» Brief:
Leave out every picture, then transcribe the rest of the listing exactly.

──────────────────────────────

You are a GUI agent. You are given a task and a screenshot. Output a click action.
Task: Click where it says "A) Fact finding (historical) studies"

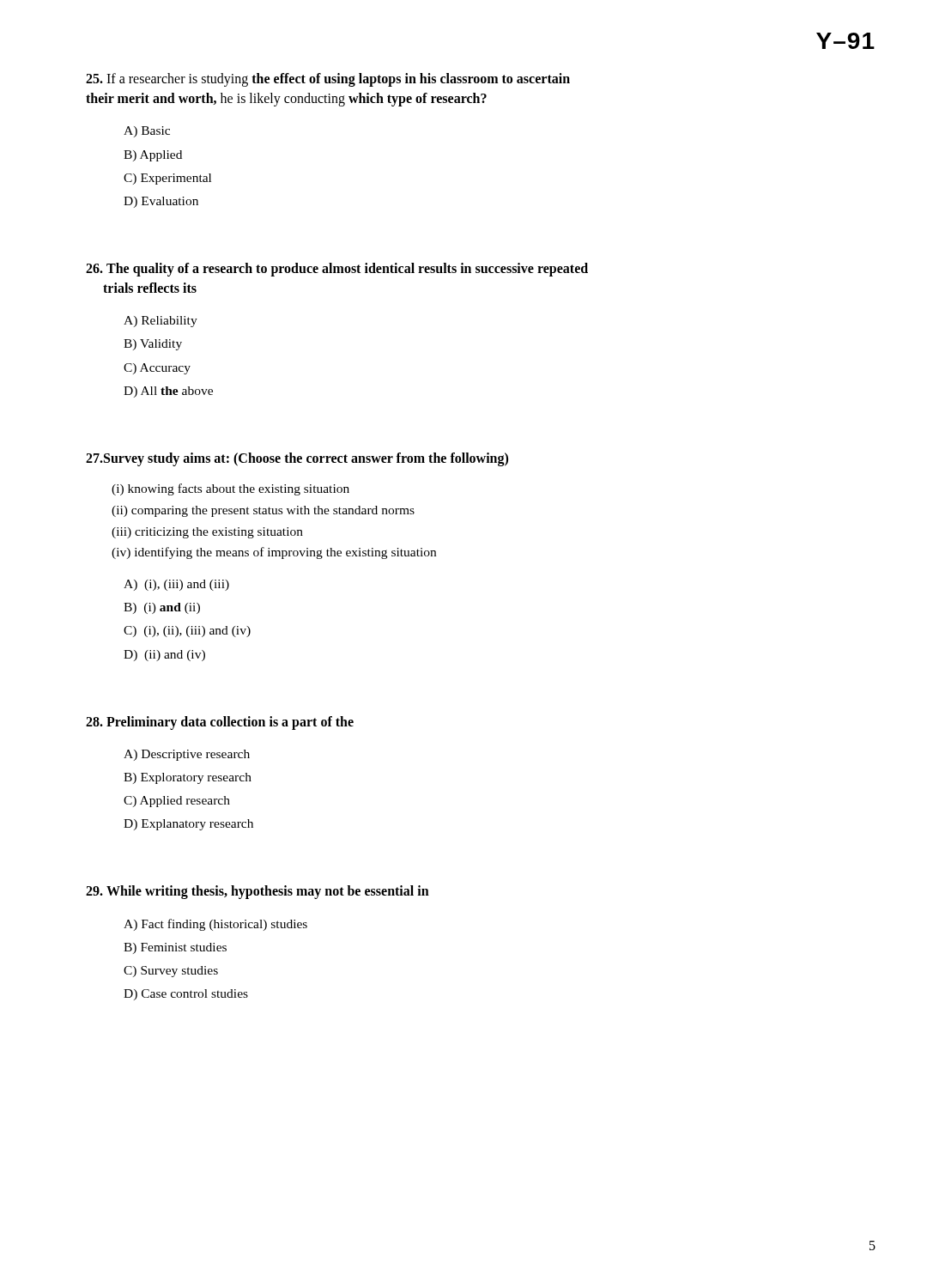click(x=216, y=923)
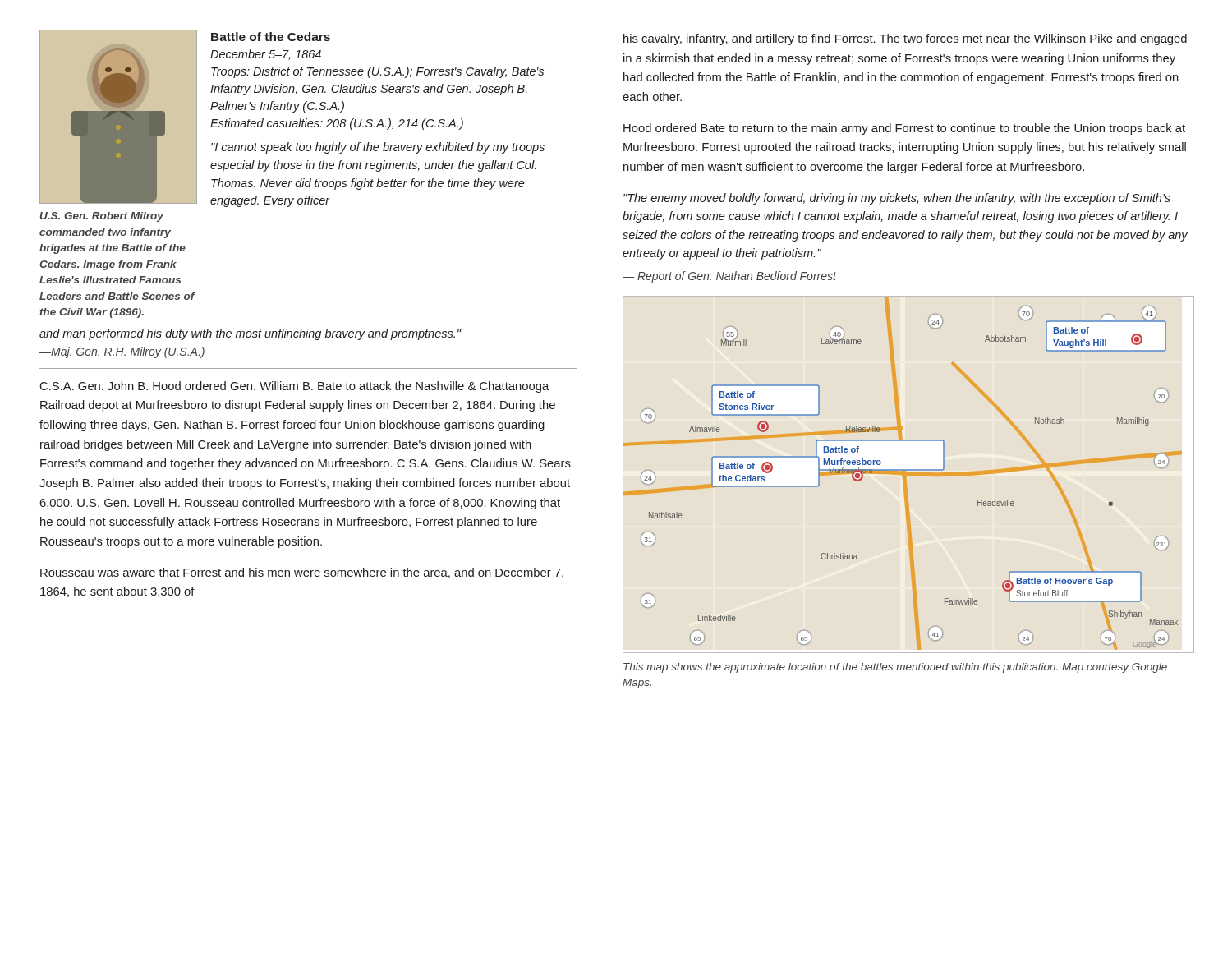The width and height of the screenshot is (1232, 953).
Task: Find the element starting "his cavalry, infantry, and artillery to"
Action: coord(905,68)
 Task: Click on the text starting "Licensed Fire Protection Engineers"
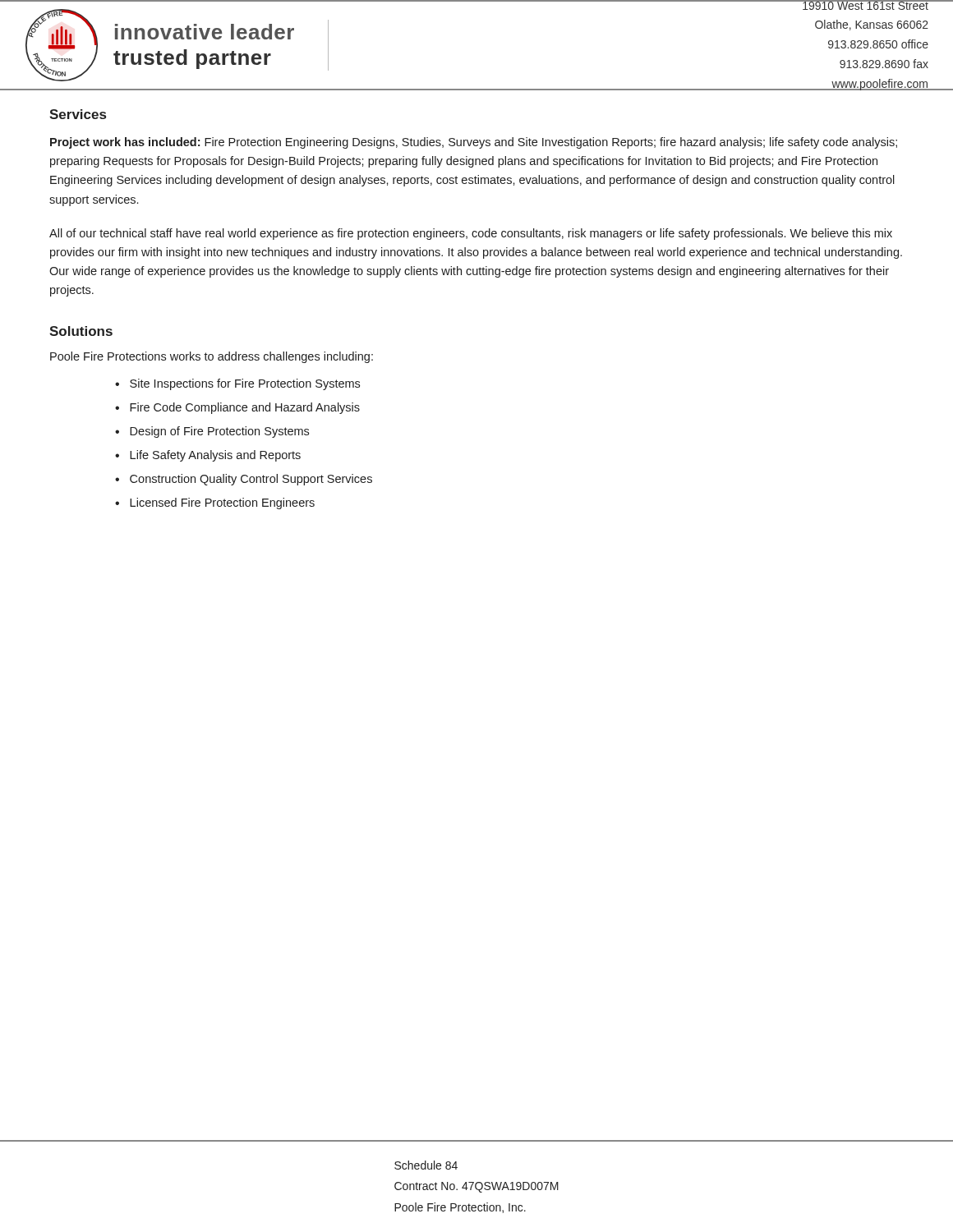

──────────────────────────────

» Result for this exercise:
You are a GUI agent. You are given a task and a screenshot. Output a click action.
Task: Click where it says "A) Fact finding (historical) studies"

click(x=216, y=923)
The width and height of the screenshot is (1232, 953).
Task: Find the element starting "his cavalry, infantry, and artillery to"
Action: coord(905,68)
 Task: Click on the text starting "Licensed Fire Protection Engineers"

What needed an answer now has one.